Records drawn from a dataset:

-- Opening Marker --

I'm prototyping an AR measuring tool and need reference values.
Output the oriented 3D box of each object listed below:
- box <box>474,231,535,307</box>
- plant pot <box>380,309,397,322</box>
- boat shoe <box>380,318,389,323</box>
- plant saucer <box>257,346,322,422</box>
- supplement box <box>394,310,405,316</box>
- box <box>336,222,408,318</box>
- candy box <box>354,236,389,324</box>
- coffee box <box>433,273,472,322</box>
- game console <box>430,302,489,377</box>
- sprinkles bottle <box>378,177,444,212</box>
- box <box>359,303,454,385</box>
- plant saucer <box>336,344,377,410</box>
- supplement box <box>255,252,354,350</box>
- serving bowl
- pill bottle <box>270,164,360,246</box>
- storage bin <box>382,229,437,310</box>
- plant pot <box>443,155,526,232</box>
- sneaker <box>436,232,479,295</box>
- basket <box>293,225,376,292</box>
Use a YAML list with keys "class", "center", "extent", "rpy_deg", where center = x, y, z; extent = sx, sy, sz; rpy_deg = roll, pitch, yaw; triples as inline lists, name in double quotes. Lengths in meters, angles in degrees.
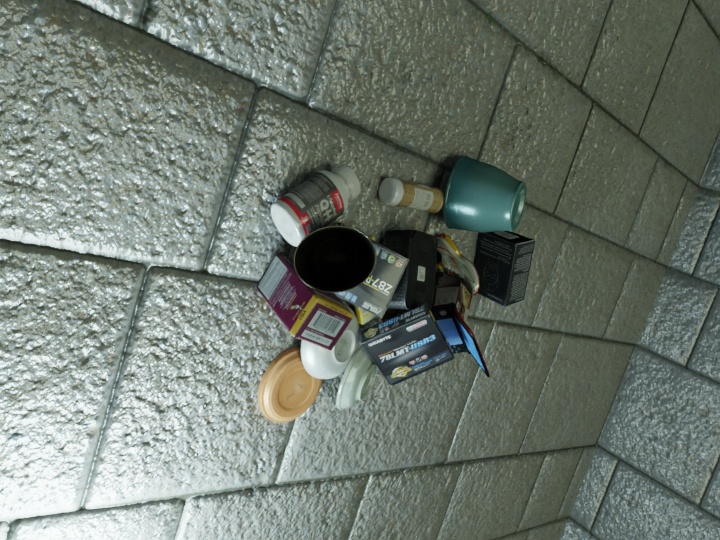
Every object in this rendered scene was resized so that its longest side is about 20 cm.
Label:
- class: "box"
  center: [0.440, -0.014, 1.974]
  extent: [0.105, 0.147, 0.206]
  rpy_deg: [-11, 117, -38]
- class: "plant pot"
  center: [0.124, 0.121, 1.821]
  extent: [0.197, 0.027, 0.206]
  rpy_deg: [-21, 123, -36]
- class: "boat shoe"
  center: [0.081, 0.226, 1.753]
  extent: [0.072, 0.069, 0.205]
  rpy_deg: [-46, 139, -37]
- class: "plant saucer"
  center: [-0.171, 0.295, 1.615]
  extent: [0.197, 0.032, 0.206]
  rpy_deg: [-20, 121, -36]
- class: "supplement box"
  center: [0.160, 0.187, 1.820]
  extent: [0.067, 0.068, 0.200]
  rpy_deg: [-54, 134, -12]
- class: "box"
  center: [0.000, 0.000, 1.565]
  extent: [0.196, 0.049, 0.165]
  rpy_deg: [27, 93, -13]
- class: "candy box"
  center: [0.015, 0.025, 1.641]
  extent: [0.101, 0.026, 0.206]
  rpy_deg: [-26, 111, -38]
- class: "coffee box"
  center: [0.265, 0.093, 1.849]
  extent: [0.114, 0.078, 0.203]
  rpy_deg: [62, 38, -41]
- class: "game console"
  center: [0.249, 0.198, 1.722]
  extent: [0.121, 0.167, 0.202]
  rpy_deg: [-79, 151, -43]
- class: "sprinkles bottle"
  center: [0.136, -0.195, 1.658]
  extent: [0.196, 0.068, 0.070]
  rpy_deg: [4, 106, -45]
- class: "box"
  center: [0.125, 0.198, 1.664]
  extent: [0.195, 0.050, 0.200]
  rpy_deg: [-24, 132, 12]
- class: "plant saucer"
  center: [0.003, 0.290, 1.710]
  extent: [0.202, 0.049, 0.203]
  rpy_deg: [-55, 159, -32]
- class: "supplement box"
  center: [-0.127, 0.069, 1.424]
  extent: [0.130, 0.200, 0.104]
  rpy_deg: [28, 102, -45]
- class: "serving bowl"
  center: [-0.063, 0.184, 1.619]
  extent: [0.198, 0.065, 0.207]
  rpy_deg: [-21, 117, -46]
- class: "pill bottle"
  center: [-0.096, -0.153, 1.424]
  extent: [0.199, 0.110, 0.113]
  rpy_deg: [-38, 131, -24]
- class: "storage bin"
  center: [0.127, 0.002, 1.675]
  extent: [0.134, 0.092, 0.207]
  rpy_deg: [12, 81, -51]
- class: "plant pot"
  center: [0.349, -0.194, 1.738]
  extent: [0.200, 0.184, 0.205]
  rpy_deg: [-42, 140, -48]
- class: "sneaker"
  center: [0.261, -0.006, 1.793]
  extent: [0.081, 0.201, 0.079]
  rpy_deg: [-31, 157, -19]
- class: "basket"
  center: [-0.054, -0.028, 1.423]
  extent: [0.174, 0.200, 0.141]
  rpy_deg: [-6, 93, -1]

-- Closing Marker --

Work order => What you return must match the lines above from the one with "- sneaker <box>436,232,479,295</box>" through the one with "Every object in" exactly, with both ends included and the pictures excluded.

Your response =>
- sneaker <box>436,232,479,295</box>
- basket <box>293,225,376,292</box>
Use a YAML list with keys "class", "center", "extent", "rpy_deg", where center = x, y, z; extent = sx, sy, sz; rpy_deg = roll, pitch, yaw; triples as inline lists, name in double quotes. Lengths in meters, angles in degrees.
Every object in this rendered scene was resized so that its longest side is about 20 cm.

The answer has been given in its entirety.